De regreso un bisonte aparece quieto en medio de la carretera y su mole se perfila a muchas millas de distancia. Tiene el animal un perfil rocoso que destaca contra el asfalto gris. El bisonte parece ajeno a los coches que están detenidos, esperando a que se mueva, y a las cámaras de fotos de sus ocupantes. Permanece quieto, como si estuviera petrificado, como si sus cuatro patas hubieran sido ancladas en el asfalto. Solo mueve la boca, porque está mascando hierba. Al final los coches lo sortean.

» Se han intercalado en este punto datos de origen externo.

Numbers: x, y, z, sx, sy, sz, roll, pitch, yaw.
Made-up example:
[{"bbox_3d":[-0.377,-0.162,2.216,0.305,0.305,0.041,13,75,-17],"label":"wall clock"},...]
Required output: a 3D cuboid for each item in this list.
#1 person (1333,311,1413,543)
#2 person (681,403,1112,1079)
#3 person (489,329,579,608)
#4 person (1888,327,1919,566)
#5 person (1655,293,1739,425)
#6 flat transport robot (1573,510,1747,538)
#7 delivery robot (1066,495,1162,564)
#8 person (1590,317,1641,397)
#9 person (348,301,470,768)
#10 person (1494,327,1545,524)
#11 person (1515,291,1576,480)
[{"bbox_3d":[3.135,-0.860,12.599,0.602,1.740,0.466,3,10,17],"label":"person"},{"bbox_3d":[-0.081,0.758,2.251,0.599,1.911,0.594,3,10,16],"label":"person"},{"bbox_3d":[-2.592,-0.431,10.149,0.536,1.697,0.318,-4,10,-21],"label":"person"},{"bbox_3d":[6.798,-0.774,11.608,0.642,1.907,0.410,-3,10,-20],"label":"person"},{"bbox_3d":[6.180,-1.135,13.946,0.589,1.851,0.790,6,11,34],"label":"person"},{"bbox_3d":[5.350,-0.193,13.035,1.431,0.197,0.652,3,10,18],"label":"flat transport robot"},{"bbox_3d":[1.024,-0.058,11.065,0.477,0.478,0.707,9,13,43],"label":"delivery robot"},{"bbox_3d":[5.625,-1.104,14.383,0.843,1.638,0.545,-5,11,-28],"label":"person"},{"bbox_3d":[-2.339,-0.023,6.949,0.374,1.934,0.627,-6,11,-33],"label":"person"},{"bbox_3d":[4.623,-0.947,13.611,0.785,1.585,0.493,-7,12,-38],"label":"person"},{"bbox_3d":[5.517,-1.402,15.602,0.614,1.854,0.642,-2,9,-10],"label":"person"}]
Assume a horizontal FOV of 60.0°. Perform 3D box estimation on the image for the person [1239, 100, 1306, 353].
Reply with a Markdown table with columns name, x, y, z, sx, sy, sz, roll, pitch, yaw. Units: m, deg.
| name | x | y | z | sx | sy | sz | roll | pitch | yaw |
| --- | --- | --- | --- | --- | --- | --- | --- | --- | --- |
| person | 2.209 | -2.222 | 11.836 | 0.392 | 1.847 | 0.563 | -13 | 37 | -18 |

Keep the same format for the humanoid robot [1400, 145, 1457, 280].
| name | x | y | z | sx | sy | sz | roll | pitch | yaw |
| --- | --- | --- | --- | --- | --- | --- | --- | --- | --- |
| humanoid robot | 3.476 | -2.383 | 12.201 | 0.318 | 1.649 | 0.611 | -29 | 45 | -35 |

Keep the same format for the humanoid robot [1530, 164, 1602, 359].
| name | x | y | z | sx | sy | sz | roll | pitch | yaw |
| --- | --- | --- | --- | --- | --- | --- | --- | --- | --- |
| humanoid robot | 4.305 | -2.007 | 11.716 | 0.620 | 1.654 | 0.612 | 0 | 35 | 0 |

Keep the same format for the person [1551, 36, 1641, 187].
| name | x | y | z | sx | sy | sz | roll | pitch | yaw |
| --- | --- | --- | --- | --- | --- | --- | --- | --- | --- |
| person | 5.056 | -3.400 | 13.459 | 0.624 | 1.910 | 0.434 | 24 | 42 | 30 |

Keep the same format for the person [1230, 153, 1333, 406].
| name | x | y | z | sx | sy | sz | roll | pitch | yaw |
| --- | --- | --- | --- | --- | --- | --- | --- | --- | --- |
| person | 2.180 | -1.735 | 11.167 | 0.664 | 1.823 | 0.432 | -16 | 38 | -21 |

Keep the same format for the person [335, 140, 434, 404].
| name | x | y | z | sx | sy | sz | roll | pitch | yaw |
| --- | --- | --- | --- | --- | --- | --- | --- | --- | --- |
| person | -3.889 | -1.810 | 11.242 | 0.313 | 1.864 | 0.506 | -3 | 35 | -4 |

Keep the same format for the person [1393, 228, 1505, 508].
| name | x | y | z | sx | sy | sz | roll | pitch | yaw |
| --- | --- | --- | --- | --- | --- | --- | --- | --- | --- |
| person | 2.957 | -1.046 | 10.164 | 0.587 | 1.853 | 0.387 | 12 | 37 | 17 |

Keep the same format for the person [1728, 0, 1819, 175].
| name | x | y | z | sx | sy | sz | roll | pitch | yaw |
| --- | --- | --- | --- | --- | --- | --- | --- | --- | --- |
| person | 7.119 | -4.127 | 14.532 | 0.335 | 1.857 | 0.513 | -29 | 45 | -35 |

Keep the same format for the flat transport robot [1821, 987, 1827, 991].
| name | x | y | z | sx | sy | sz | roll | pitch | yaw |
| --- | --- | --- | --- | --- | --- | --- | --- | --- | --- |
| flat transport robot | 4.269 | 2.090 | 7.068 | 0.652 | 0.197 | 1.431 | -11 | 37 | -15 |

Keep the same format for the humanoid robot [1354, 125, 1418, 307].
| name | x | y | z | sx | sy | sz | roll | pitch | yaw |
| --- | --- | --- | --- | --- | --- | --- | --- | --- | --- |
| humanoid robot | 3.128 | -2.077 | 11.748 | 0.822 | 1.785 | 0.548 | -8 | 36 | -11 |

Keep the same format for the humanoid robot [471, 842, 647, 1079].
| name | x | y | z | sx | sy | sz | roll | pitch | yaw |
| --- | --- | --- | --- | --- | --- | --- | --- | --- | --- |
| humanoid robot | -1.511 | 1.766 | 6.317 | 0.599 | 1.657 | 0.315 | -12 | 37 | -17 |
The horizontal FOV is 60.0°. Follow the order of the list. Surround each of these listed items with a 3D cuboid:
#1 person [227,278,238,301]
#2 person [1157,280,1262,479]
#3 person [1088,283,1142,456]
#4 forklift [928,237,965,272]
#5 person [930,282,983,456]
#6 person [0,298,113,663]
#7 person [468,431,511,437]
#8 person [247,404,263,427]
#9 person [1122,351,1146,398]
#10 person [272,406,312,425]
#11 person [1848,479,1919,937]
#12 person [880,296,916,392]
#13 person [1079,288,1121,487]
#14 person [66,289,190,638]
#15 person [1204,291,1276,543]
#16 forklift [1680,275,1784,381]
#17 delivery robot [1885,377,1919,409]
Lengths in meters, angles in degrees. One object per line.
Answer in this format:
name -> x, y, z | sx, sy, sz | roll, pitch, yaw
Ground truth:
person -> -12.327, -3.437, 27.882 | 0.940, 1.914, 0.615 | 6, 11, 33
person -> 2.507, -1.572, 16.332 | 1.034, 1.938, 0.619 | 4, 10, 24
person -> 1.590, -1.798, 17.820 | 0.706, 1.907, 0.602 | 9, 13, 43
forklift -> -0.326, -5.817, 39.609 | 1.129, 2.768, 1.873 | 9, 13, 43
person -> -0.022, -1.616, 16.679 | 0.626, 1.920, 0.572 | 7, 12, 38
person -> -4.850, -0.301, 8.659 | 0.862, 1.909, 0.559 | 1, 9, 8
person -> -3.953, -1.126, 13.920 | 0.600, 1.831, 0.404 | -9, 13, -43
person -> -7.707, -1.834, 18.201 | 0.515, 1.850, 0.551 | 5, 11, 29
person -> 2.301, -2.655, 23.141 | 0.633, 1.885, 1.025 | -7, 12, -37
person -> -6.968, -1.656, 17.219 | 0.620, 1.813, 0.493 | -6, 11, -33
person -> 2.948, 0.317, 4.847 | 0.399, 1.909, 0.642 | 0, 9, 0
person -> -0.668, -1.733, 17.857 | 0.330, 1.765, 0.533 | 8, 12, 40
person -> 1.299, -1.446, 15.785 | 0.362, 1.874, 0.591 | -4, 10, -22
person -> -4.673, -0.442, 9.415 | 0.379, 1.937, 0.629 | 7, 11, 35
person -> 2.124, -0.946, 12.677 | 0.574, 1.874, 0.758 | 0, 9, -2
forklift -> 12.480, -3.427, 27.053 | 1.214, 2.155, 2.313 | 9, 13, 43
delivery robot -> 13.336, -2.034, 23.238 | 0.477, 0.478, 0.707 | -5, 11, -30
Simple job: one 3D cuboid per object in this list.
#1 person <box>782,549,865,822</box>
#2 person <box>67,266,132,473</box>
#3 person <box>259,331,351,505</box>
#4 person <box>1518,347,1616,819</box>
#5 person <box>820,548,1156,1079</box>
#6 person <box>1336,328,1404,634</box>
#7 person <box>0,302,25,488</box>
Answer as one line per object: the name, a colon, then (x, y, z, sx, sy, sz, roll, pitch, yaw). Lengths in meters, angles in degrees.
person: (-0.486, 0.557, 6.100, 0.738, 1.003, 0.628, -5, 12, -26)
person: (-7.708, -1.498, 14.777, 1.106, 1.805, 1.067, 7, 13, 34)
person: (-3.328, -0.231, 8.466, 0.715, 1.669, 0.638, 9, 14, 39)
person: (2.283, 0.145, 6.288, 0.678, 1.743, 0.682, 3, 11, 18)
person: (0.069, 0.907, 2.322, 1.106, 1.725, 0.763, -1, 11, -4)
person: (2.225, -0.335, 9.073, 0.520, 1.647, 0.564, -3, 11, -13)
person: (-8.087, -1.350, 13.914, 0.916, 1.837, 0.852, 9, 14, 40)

No vemos osos por el camino regreso, pero si volvemos a encontrarnos con esa manada gigantesca de ciervos mula en la misma pradera que vimos ayer, y, ya saliendo del parque, a punto de entrar en Gardiner, un ciervo mula macho nos mira con asombro desde el arcén mientras yo piso el freno y me detengo a su lado. Durante una décima de segundo ese ciervo mula impresionante, al que le está creciendo la cornamenta, vuelve la cara y me mira fijamente a través del cristal que bajo apresuradamente, luego gira en redondo y baja al galope la ladera de la montaña.
En el restaurante en donde entramos a las 9 pm a cenar con aspecto de saloon del Oeste tienen filetes de bisonte. No lo pido después de haber visto tantos vivos por los prados de Yelowstone. Me conformo con uno de vaca que está tierno y sabroso.